Ionuţ macht sich auf den Weg

von Ingrid Fillinger

Es war kalt in der Lehmhütte. Ionuţ rückte die Steine der Feuerstelle näher zusammen und legte vorsichtig ein weiteres Stück Holz darauf. Ein angenehmer Tannengeruch füllte den Raum. Die Decke, die seine kranke Mutter bedeckte, war leicht verschoben. Vorsichtig zog er sie wieder hoch und berührte dabei Mutters Hand. Das Fieber schien allmählich zu sinken. Um sie nicht zu wecken, ging er leise zum Tisch, auf dem das letzte Stück Brot lag. Er entfernte die Kruste, packte diese in ein altes Taschentuch, das er gut in seine Hosentasche verstaute.
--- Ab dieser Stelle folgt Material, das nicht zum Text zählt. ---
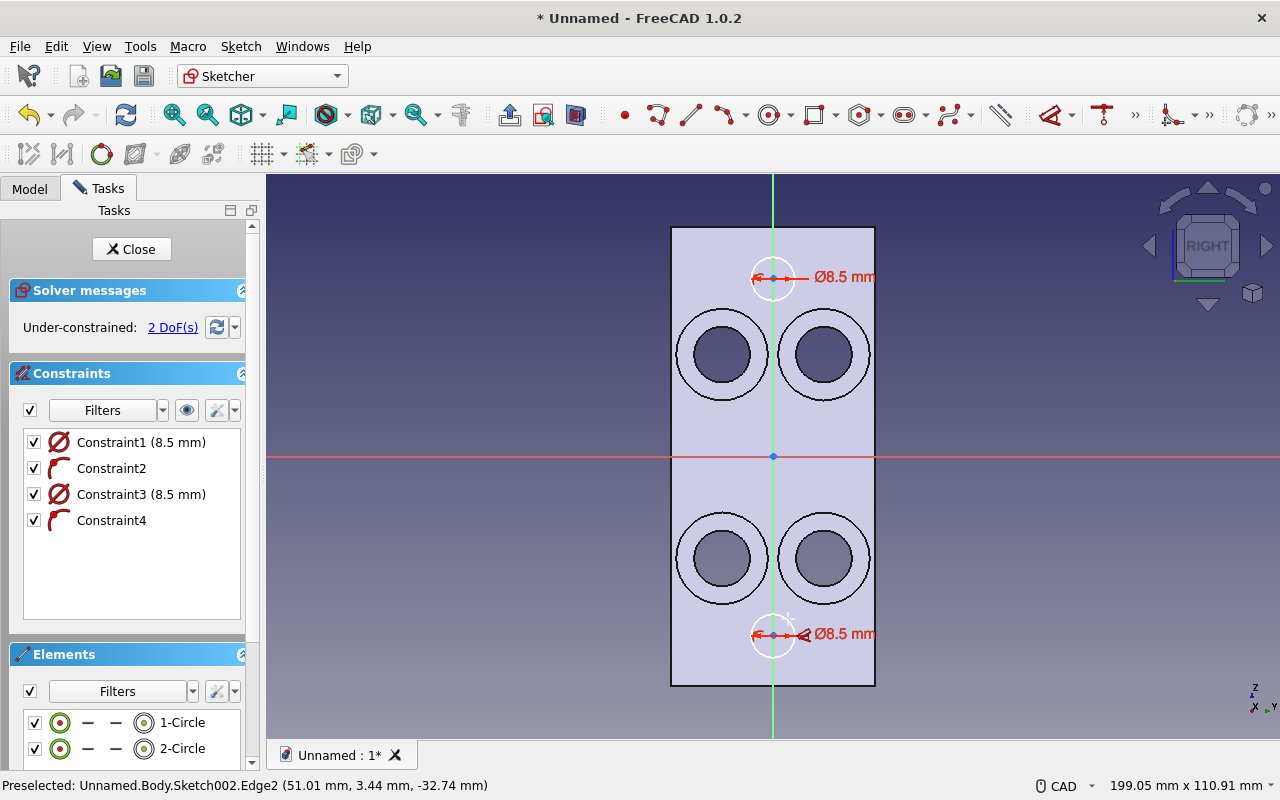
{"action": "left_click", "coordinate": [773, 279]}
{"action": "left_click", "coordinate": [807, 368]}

Das Brotstück legte er auf ein kleines Holzbrett und stellte es neben seine schlafende Mutter. "Ich soll das Wasser nicht vergessen", dachte Ionuţ und füllte gleich die Blechtasse mit frischem Wasser auf. Danach wickelte er seine Füße in warme Lumpen. Anschließend packte er jeden Fuß vorsichtig in ein Ziegenfell, das er mit einem Band zusammenschnürte bis sein winterliches Schuhwerk auch unterhalb der Wade richtig fest saß.

Vaters alter Umhang hing immer noch an der Tür, wo er ihn zuletzt verstaut hatte. Obwohl Ionuţ dreizehn Jahre alt war, wirkte er wesentlich kleiner und zierlicher. Erst nach einigen Versuchen schaffte es der Junge, sich in den Umhang einzuwickeln, so dass auch das Gesicht verhüllt war und nur seine braunen Knopfaugen rausspähten.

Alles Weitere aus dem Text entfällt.